Detailed Description

The technical solution of the present invention is described in detail below with reference to the accompanying drawings, but the scope of the present invention is not limited to the embodiments.

The invention provides a method for improving a pore structure of a material, and particularly relates to a method for modifying an adsorption material by using low-temperature liquid nitrogen in a low-temperature environment so as to improve the pore structure of the material.

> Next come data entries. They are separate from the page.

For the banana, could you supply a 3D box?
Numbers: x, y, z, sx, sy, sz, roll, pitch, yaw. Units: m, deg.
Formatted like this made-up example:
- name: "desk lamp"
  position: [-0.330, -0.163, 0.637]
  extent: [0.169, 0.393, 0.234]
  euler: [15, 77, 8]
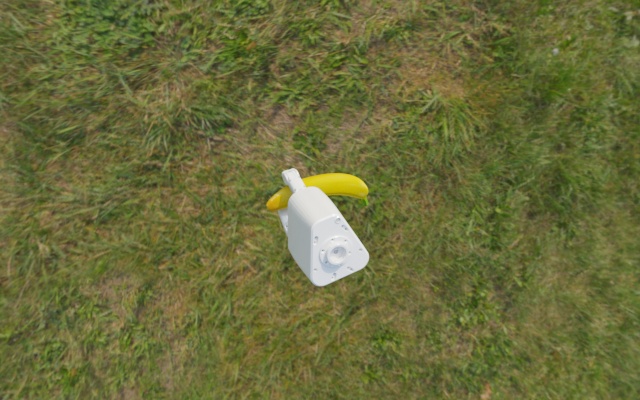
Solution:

Modified adsorbing material in ultralow-temperature liquid nitrogen low-temperature environment

1. The method comprises the following steps:

the method comprises the following steps: taking a proper amount of adsorbing material to a stainless steel container (the container mouth is wide-mouth type, and cannot be small-mouth type, and the small-mouth type container is easy to cause bumping phenomenon);

the adsorption material is an inorganic porous material and an organic porous material, the inorganic porous material is natural zeolite, artificial zeolite, fly ash and the like, and the organic porous material is various biochar (biochar of various raw materials) and various activated carbon (biochar of various raw materials and shapes: column, particle, powder and the like);

step two: slowly adding liquid nitrogen into a stainless steel container;

when the adsorbing material is an inorganic porous material, the stacking volume ratio of the inorganic porous material to liquid nitrogen is 1: 5-200; when the adsorbing material is an organic porous material, the stacking volume ratio of the organic porous material to liquid nitrogen is 1: 1-50;

sealing a cover of the stainless steel container to reduce the evaporation of liquid nitrogen and improve the utilization rate of the liquid nitrogen, wherein the reaction time is after the liquid nitrogen is added until the liquid nitrogen is naturally evaporated;

and (5) after the adsorbing material in the second step is naturally heated (the temperature of the material is extremely low when the second step is finished) to room temperature, repeating the second step for 1-4 times according to the requirements of the specific surface, the pore volume and the pore diameter of the material.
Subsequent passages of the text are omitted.